*Activity:* Your task is to filter the entries and copy every line containing the string "Hawaii".

*Records for this task:*
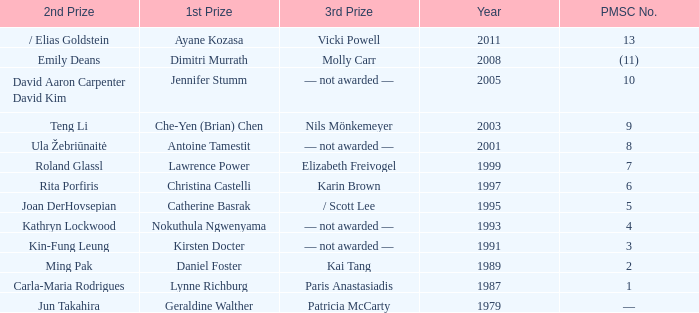Can you give me this table as a dict? {'header': ['2nd Prize', '1st Prize', '3rd Prize', 'Year', 'PMSC No.'], 'rows': [['/ Elias Goldstein', 'Ayane Kozasa', 'Vicki Powell', '2011', '13'], ['Emily Deans', 'Dimitri Murrath', 'Molly Carr', '2008', '(11)'], ['David Aaron Carpenter David Kim', 'Jennifer Stumm', '— not awarded —', '2005', '10'], ['Teng Li', 'Che-Yen (Brian) Chen', 'Nils Mönkemeyer', '2003', '9'], ['Ula Žebriūnaitė', 'Antoine Tamestit', '— not awarded —', '2001', '8'], ['Roland Glassl', 'Lawrence Power', 'Elizabeth Freivogel', '1999', '7'], ['Rita Porfiris', 'Christina Castelli', 'Karin Brown', '1997', '6'], ['Joan DerHovsepian', 'Catherine Basrak', '/ Scott Lee', '1995', '5'], ['Kathryn Lockwood', 'Nokuthula Ngwenyama', '— not awarded —', '1993', '4'], ['Kin-Fung Leung', 'Kirsten Docter', '— not awarded —', '1991', '3'], ['Ming Pak', 'Daniel Foster', 'Kai Tang', '1989', '2'], ['Carla-Maria Rodrigues', 'Lynne Richburg', 'Paris Anastasiadis', '1987', '1'], ['Jun Takahira', 'Geraldine Walther', 'Patricia McCarty', '1979', '—']]} What is the earliest year in which the 1st price went to Che-Yen (Brian) Chen? 2003.0. 
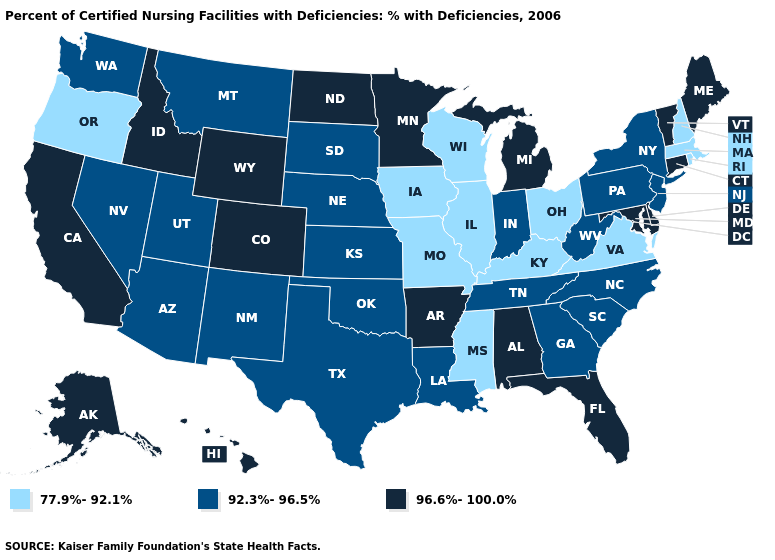Which states have the highest value in the USA?
Concise answer only. Alabama, Alaska, Arkansas, California, Colorado, Connecticut, Delaware, Florida, Hawaii, Idaho, Maine, Maryland, Michigan, Minnesota, North Dakota, Vermont, Wyoming. What is the value of Wisconsin?
Give a very brief answer. 77.9%-92.1%. Does South Carolina have a lower value than New Hampshire?
Keep it brief. No. Does Alabama have the same value as Oklahoma?
Keep it brief. No. Among the states that border New Jersey , does New York have the highest value?
Keep it brief. No. What is the value of Oregon?
Write a very short answer. 77.9%-92.1%. What is the value of Delaware?
Answer briefly. 96.6%-100.0%. Which states have the highest value in the USA?
Answer briefly. Alabama, Alaska, Arkansas, California, Colorado, Connecticut, Delaware, Florida, Hawaii, Idaho, Maine, Maryland, Michigan, Minnesota, North Dakota, Vermont, Wyoming. What is the value of Vermont?
Concise answer only. 96.6%-100.0%. What is the value of Nebraska?
Answer briefly. 92.3%-96.5%. Does New Hampshire have the highest value in the Northeast?
Short answer required. No. Does Ohio have the lowest value in the USA?
Concise answer only. Yes. What is the lowest value in states that border Vermont?
Write a very short answer. 77.9%-92.1%. Among the states that border New Jersey , does Pennsylvania have the highest value?
Give a very brief answer. No. What is the value of New Hampshire?
Short answer required. 77.9%-92.1%. 
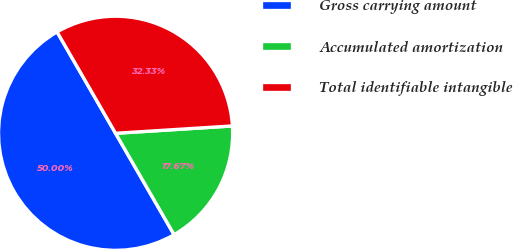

*Answer to this problem:*
Concise answer only. Alabama, Alaska, Arkansas, California, Colorado, Connecticut, Delaware, Florida, Hawaii, Idaho, Maine, Maryland, Michigan, Minnesota, North Dakota, Vermont, Wyoming. What is the value of Wisconsin?
Answer briefly. Alabama, Alaska, Arkansas, California, Colorado, Connecticut, Delaware, Florida, Hawaii, Idaho, Maine, Maryland, Michigan, Minnesota, North Dakota, Vermont, Wyoming. What is the value of Vermont?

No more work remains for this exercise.